### Task inputs
*** Block opens ***
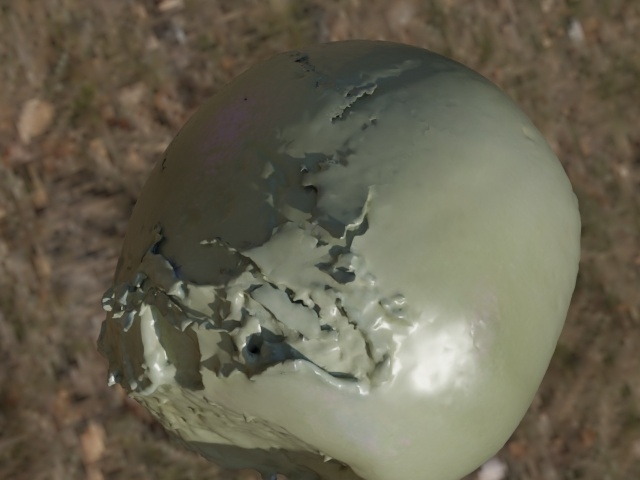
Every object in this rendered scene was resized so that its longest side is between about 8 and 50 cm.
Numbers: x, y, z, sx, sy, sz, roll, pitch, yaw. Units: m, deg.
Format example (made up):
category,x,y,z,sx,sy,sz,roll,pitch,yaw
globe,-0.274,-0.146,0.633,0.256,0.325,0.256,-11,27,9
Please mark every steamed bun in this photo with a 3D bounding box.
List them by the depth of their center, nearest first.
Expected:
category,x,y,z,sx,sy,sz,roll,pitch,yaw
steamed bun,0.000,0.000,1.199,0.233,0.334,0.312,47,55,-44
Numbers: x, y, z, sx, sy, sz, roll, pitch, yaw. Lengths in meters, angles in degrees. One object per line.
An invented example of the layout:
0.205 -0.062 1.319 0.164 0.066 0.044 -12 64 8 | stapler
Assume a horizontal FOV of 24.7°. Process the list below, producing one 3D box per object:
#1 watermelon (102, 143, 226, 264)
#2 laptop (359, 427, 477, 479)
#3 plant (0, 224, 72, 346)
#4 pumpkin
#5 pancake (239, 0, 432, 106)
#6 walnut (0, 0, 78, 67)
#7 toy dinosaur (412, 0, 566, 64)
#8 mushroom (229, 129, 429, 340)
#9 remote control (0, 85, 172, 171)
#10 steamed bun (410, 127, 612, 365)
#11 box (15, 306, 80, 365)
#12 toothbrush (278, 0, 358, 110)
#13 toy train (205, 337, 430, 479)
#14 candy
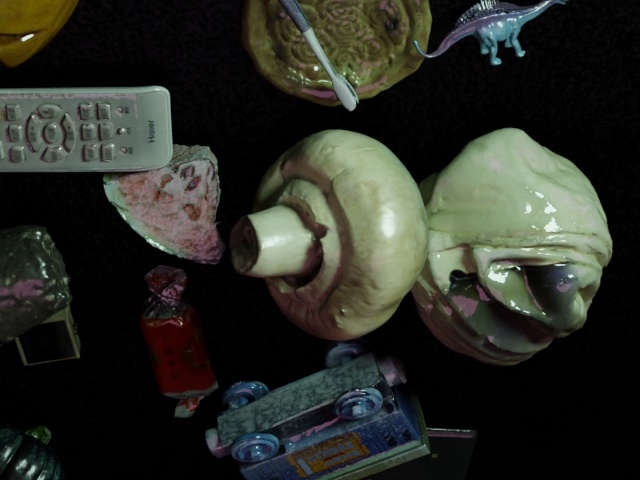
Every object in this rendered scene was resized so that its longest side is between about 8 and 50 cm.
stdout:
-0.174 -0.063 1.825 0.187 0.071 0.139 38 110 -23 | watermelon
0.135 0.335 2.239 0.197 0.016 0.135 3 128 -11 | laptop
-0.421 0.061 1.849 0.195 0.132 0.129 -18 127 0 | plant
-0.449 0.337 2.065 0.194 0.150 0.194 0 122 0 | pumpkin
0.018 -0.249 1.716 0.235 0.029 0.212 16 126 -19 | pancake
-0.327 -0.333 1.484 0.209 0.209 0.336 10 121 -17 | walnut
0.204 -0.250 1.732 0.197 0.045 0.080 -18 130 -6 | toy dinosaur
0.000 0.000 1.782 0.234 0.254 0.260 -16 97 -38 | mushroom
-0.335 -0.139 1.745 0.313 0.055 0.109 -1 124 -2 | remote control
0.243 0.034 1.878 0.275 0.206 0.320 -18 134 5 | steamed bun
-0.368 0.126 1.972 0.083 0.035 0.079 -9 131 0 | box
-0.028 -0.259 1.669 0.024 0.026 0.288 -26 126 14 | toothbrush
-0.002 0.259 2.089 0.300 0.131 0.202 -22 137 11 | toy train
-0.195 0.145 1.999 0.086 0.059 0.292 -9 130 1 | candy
*** Block closes ***
*** Block opens ***
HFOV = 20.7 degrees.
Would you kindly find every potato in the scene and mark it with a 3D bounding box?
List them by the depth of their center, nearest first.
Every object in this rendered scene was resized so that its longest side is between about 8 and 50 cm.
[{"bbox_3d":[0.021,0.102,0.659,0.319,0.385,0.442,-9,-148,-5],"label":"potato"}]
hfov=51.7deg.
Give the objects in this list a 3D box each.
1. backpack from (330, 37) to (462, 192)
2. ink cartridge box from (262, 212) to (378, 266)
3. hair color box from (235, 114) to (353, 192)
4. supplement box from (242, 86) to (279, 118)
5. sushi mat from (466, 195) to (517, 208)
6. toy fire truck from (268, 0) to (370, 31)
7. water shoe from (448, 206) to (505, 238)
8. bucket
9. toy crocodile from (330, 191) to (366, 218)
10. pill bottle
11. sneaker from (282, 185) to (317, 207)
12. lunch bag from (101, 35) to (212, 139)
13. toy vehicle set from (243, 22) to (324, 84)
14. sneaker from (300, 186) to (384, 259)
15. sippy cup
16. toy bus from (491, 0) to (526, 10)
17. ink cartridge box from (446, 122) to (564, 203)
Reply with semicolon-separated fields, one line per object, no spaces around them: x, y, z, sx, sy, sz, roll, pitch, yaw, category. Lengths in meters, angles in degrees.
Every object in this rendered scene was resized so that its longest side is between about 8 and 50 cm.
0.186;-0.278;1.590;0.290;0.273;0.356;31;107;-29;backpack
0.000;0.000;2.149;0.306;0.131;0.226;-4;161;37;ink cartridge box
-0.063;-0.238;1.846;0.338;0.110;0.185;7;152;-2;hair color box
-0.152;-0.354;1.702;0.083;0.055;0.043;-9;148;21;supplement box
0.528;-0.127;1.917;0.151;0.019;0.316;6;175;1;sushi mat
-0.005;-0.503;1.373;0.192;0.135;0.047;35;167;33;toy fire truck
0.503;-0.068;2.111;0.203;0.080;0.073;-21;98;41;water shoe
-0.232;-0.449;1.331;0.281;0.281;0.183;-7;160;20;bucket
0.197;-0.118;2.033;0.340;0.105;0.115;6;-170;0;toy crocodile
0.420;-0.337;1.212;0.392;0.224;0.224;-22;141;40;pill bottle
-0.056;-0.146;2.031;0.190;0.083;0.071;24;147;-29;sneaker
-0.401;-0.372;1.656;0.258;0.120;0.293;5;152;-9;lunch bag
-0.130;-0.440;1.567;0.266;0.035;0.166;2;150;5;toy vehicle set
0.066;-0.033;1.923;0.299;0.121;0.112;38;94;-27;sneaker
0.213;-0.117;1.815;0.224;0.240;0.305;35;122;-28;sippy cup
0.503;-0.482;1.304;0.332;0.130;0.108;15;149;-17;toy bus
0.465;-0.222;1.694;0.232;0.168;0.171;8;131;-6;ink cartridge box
*** Block closes ***
### Exercise details
Could you write out, exactly as they stand, only the lines above that begin at the line with "An invented example" and stop after the line with "#7 toy dinosaur (412, 0, 566, 64)"?

### Result below
An invented example of the layout:
0.205 -0.062 1.319 0.164 0.066 0.044 -12 64 8 | stapler
Assume a horizontal FOV of 24.7°. Process the list below, producing one 3D box per object:
#1 watermelon (102, 143, 226, 264)
#2 laptop (359, 427, 477, 479)
#3 plant (0, 224, 72, 346)
#4 pumpkin
#5 pancake (239, 0, 432, 106)
#6 walnut (0, 0, 78, 67)
#7 toy dinosaur (412, 0, 566, 64)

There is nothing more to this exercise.